And now, doug, can we talk of love?
THIIRTY FOUR YEARS AGO TODAY, Dougie died.
On Nov. 30, 1972 I wrote this column:.
This is for you, Doug, on your birthday. For a brother who died too soon. For a friend I met too late.
Let me tell you about my younger brother Doug. You would have liked him. You couldn't help but like him. Not that he was a Pollyanna or anything. He just had this quality of humanness about him. A sweet, vulnerable, caring humanness that was felt by anyone who knew him.
I guess Sue felt it the most. She was Doug's lady. And they were in love.
What a pair they made. Doug with his Panama hat flopped on top of his crazy curly hair - his hair that our parents never understood but quietly tolerated after a couple of years - and Sue with her amazing blue eyes that became so incredibly wide when she was pleased.
You'd see them together driving down the street in Doug's green van - the one they christened Tyrone, the same one they drove across the country two summers ago. And you'd smile. They were always headed someplace, or nowhere in particular.
That's why no one was surprised when they said they were going to Venezuela for 17 days in August. Venezuela? Why not? They had been invited by a friend who lived in Valencia to stay in his home. It would be a neat way to end the summer. Venezuela. Sure.
So they went to Venezuela, and about the end of the second week they died with 21 other people in a plane crash during a tour flight. They died quickly and they died together. And now they are buried 50 feet apart in West Laurel Hill Cemetery. Fifty feet. What are the chances of two unrelated families' purchasing plots in the same cemetery years before they would each watch one of their children, and their child's love, buried within minutes of each other?
We were a year and 10 days apart, Doug and I. That means we fought a lot as kids. We didn't just fight for fun. We fought about the important things. Like who got more french fries at dinner. And who was smarter. And who had to take the first bath. You know, the important things.
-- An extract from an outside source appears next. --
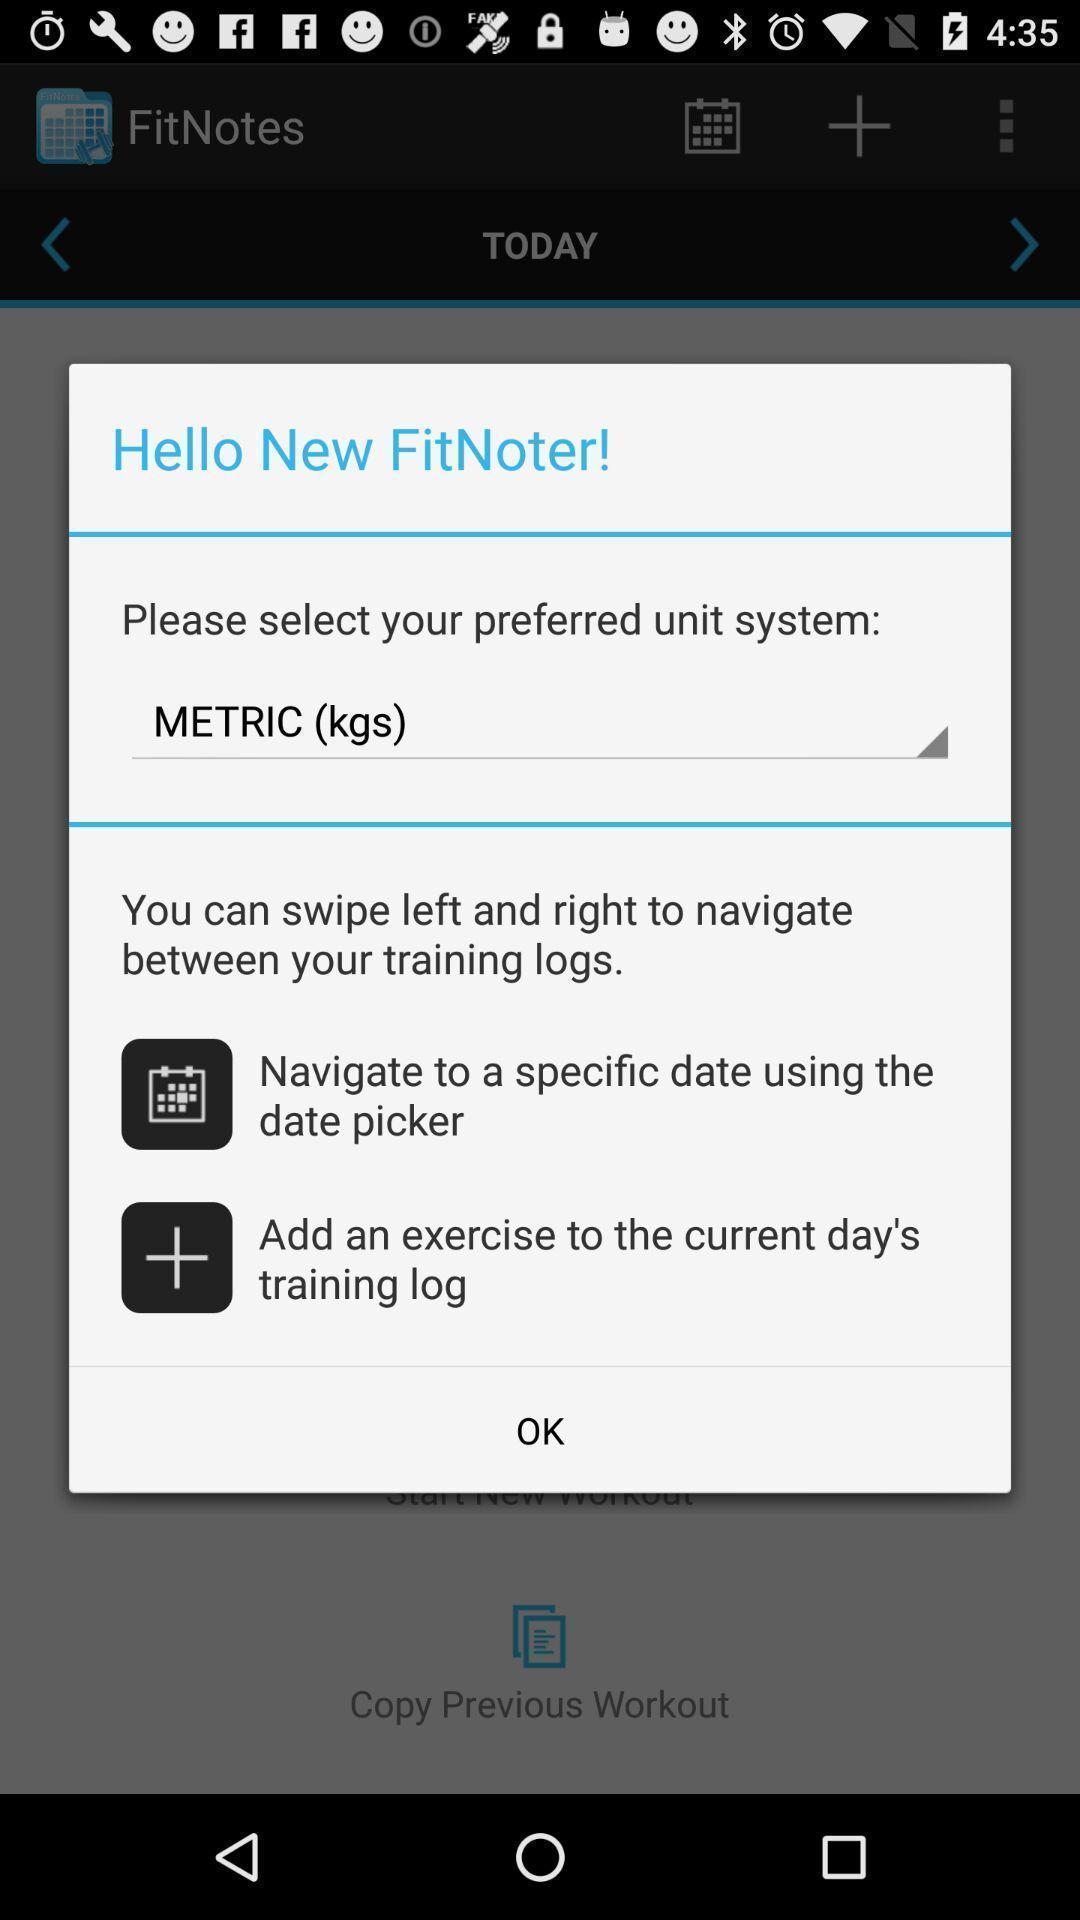Describe this image in words. Pop up window for workout tracker. 
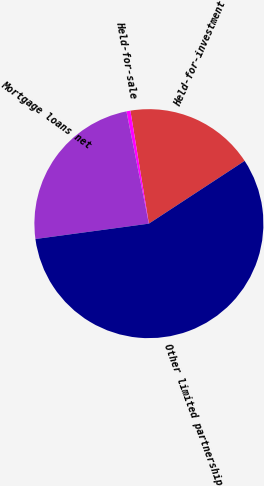<chart> <loc_0><loc_0><loc_500><loc_500><pie_chart><fcel>Held-for-investment<fcel>Held-for-sale<fcel>Mortgage loans net<fcel>Other limited partnership<nl><fcel>18.35%<fcel>0.56%<fcel>24.0%<fcel>57.09%<nl></chart>

Yeah, we really hated each other when we were little. "You creep, gimme that back." "Oh, yeah, why don't you try to make me." Wham! Sibling rivalry ad nauseam. You get that way when you become engaged in pitched combat over a matching pair of socks.
But then a funny thing happened to us. We grew up. It didn't happen overnight. It took most of our lives, as a matter of fact. But it happened. And when it did, we found - to our mutual amazement - that we kind of liked each other. You could even say we loved each other. You could say it. We never did. Brothers never talk of love. Until it's too late.
Doug and Sue talked about love. They lived love. You could see it the way they fixed up Tyrone for their trip out West and into Canada. They transformed a 10-year-old, pipe-hauling junker Econoline truck into a paneled, carpeted traveling companion with curtain-lined windows and paintings on the walls. They created a good-vibesmobile, a friend that didn't let them down once in 10,000 miles.
They did the same with the apartment they rented in Harrisburg, where they went to school. Two happy people. It was good for them to be in love. They did it so well.
Of course, love has its price. For Doug, it was the disapproval of Mom and Dad. They were raised in an era when a young man of 21 didn't live with a girl of 19 until they were married. It was a shame that the tension existed
because it kept Doug away from home more than he wanted to be. He, more than any of his four brothers and sisters, cared about keeping the family together.
Mrs. Bedford, Sue's mother, wasn't too keen on the intimacy of their relationship either, at first. But after awhile her objections were worn down by Doug's smile and his enthusiasm for life and the way he cared for her daughter and probably by the poem that Sue used to leave taped to the refrigerator door. It was from Kahlil Gibran's The Prophet and Mom and Dad heard it for the first time as they stood 50 feet from Doug, listening to a minister say goodbye to Sue.
Your children are not your children, it began. They are the sons and daughters of Life's longing for itself. . . . You may give them your love but not your thoughts. . . .
It was such a poignant poem. Such a beautiful, true comment. And it hurt to listen to it. Mom and Dad listened, and they understood.
Doug is 22 today. Most of those years we were roommates. That's a lot of memories; from slogging through wet cement together and sneaking downstairs before dawn to see what was under the Christmas tree, to playing rugby on the same team and watching him address his graduating classmates as student body president of Montgomery County Community College. He was a neat guy, my brother.
Happy birthday, Doug. If we could do it over again, I'd let you have more french fries.


Comments
Hey! This is your cousin from Newport. It was very special reading this today. I have what you wrote about my Dad laminated and read it often. I love the part about living up to his own standards.
I wish I had known about this site. I'll try to read it.
Lisa Schmidt Boiani
Posted by: Lisa M. Boiani | August 29, 2006 12:09 PM
Lisa,
Your father was my Uncle Bill, the same way my brother Bill was my children's Uncle Bill. Both Bills were fabulous. We DeLeons never stop talking about them.